Comparing the predictive power of proactive to reactive metacognition on problem-solving self-efficacy and invention performance in invention tasks: a study based on ACT-R theory

Proactive and reactive metacognition are widely regarded as essential cognitive regulatory processes for successful engagement in STEM learning; however, limited empirical research has applied ACT-R theory to examine how these metacognitive modes operate within authentic invention contexts. Drawing upon ACT-R as a cognitive architecture framework, this study investigated the differential predictive effects of proactive and reactive metacognitive strategies on invention performance in a competitive design setting, with problem-solving self-efficacy conceptualized as a mediating mechanism. A purposive sample of 322 secondary students participating in the 2025 International Exhibition for Young Inventors: Taiwan Selection Competition completed a validated questionnaire. Structural equation modeling was employed to test the hypothesized relationships among constructs.

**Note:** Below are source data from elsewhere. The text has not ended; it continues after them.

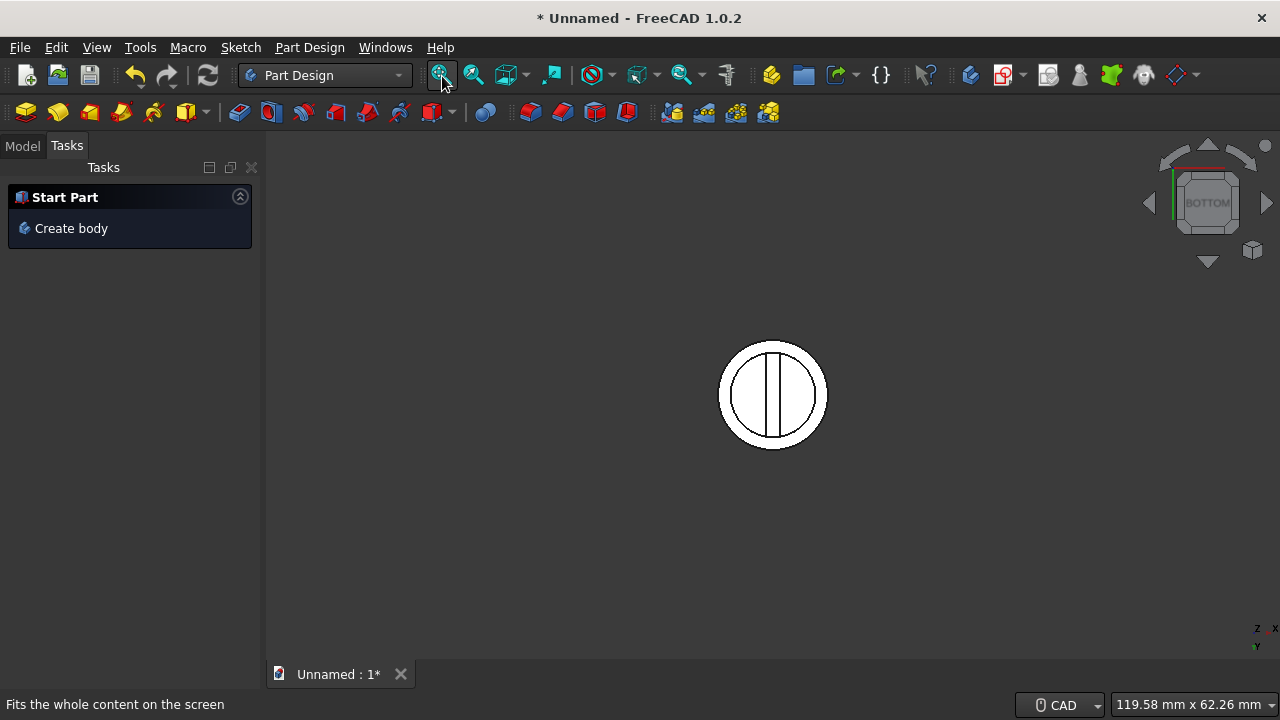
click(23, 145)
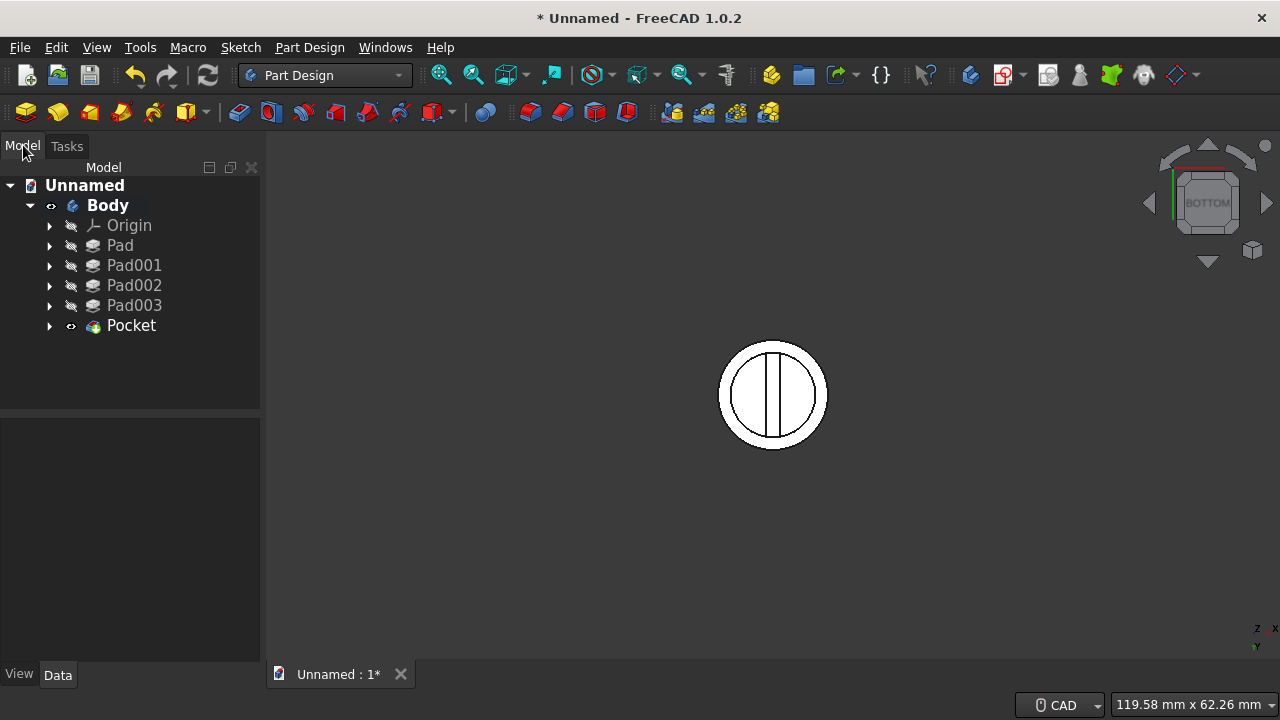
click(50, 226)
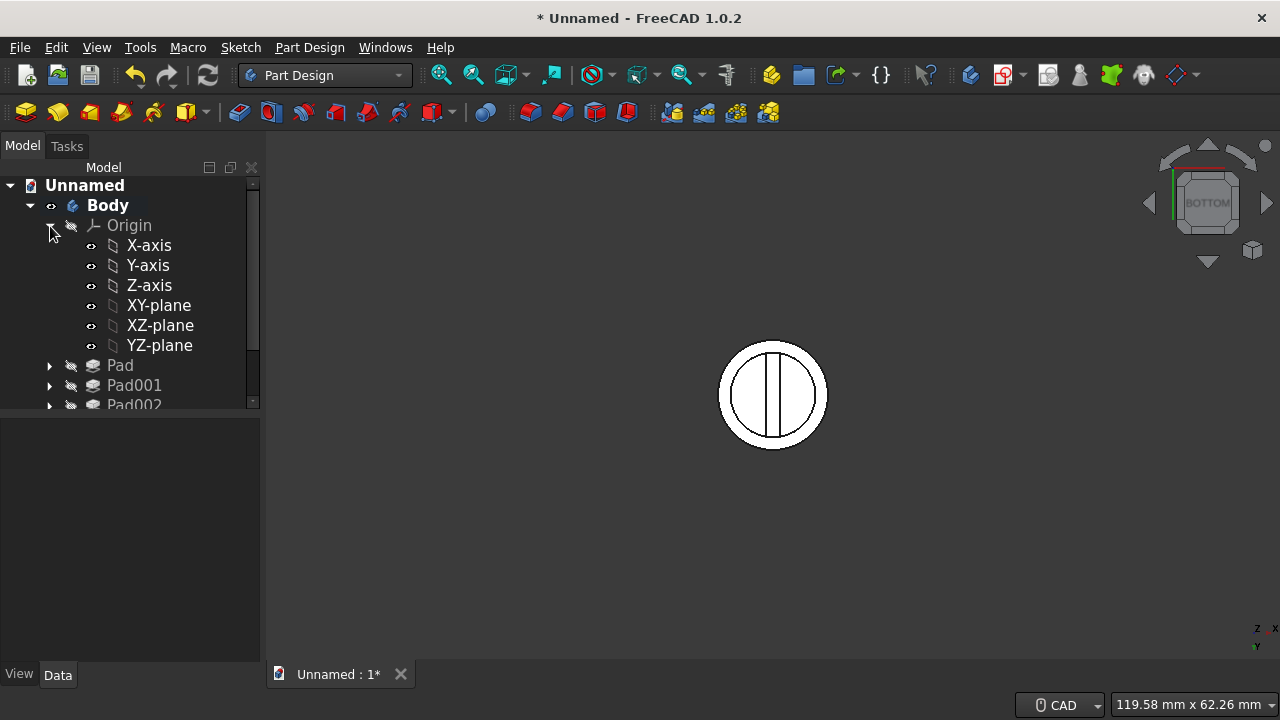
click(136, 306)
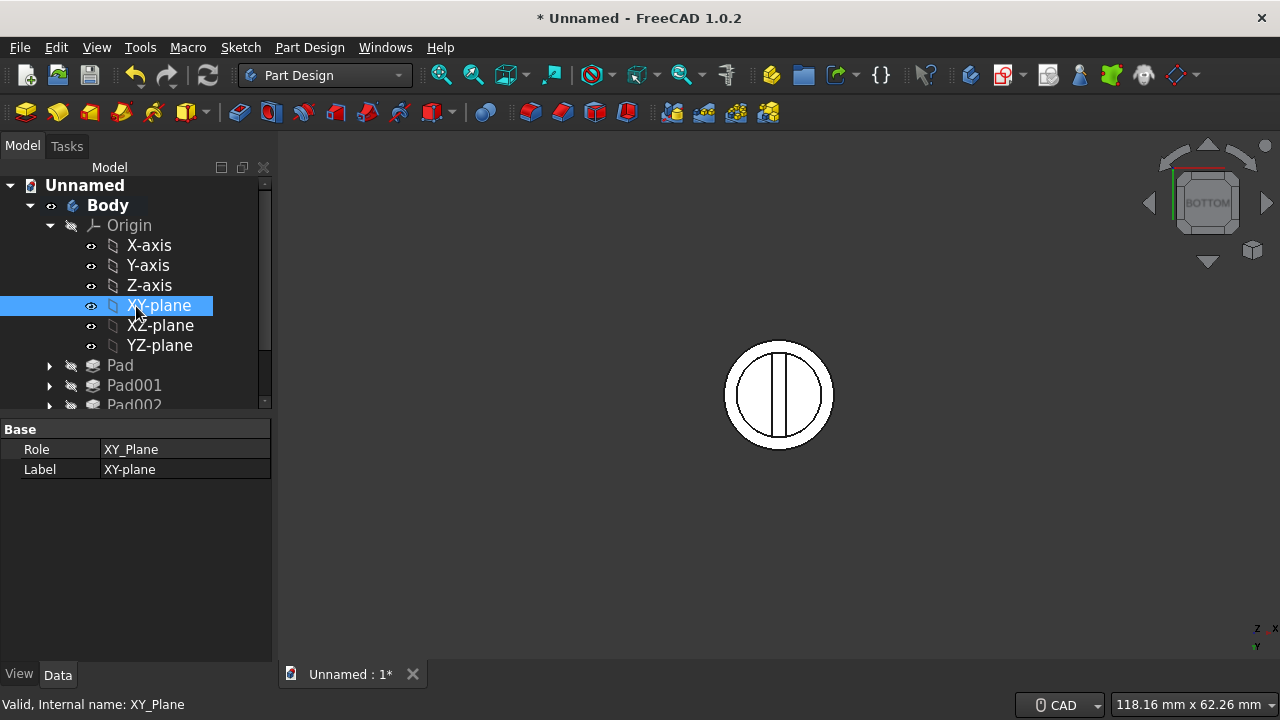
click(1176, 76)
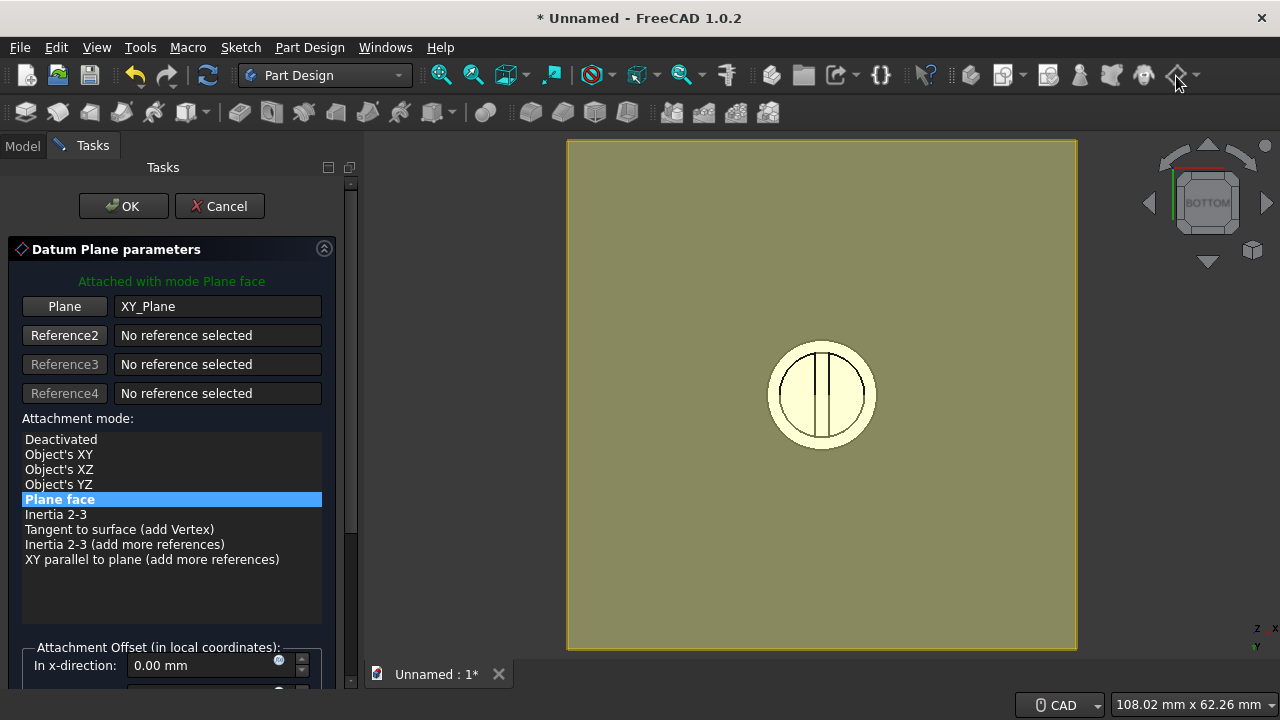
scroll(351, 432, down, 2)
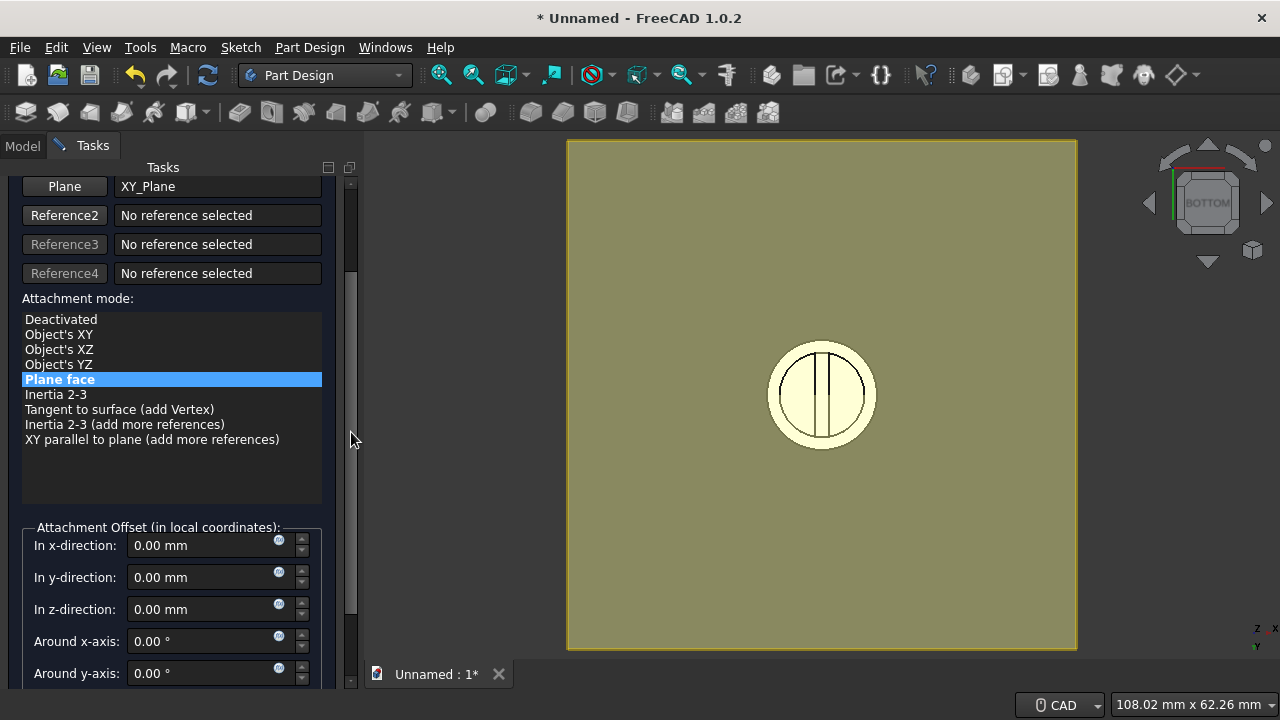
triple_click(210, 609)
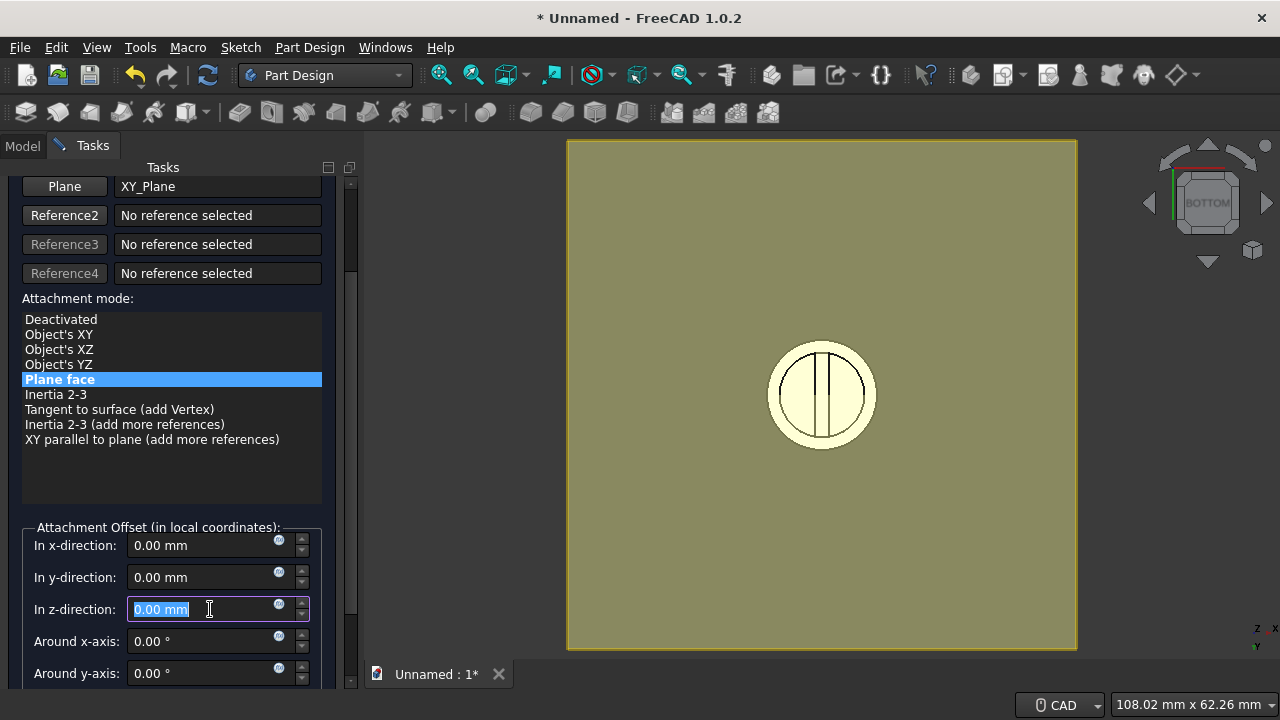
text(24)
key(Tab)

The findings indicated that both proactive and reactive metacognitive strategies were positively associated with invention performance, and that problem-solving self-efficacy served as a significant mediator in these relationships. Notably, reactive metacognition demonstrated a stronger predictive effect on problem-solving self-efficacy than proactive metacognition. These results provide empirical support for the application of ACT-R in design-based STEM contexts and advance understanding of how distinct metacognitive processes contribute to performance through efficacy beliefs. The study highlights the importance of cultivating problem-solving self-efficacy within invention-oriented curricula to enhance students’ adaptive expertise and innovation capacity.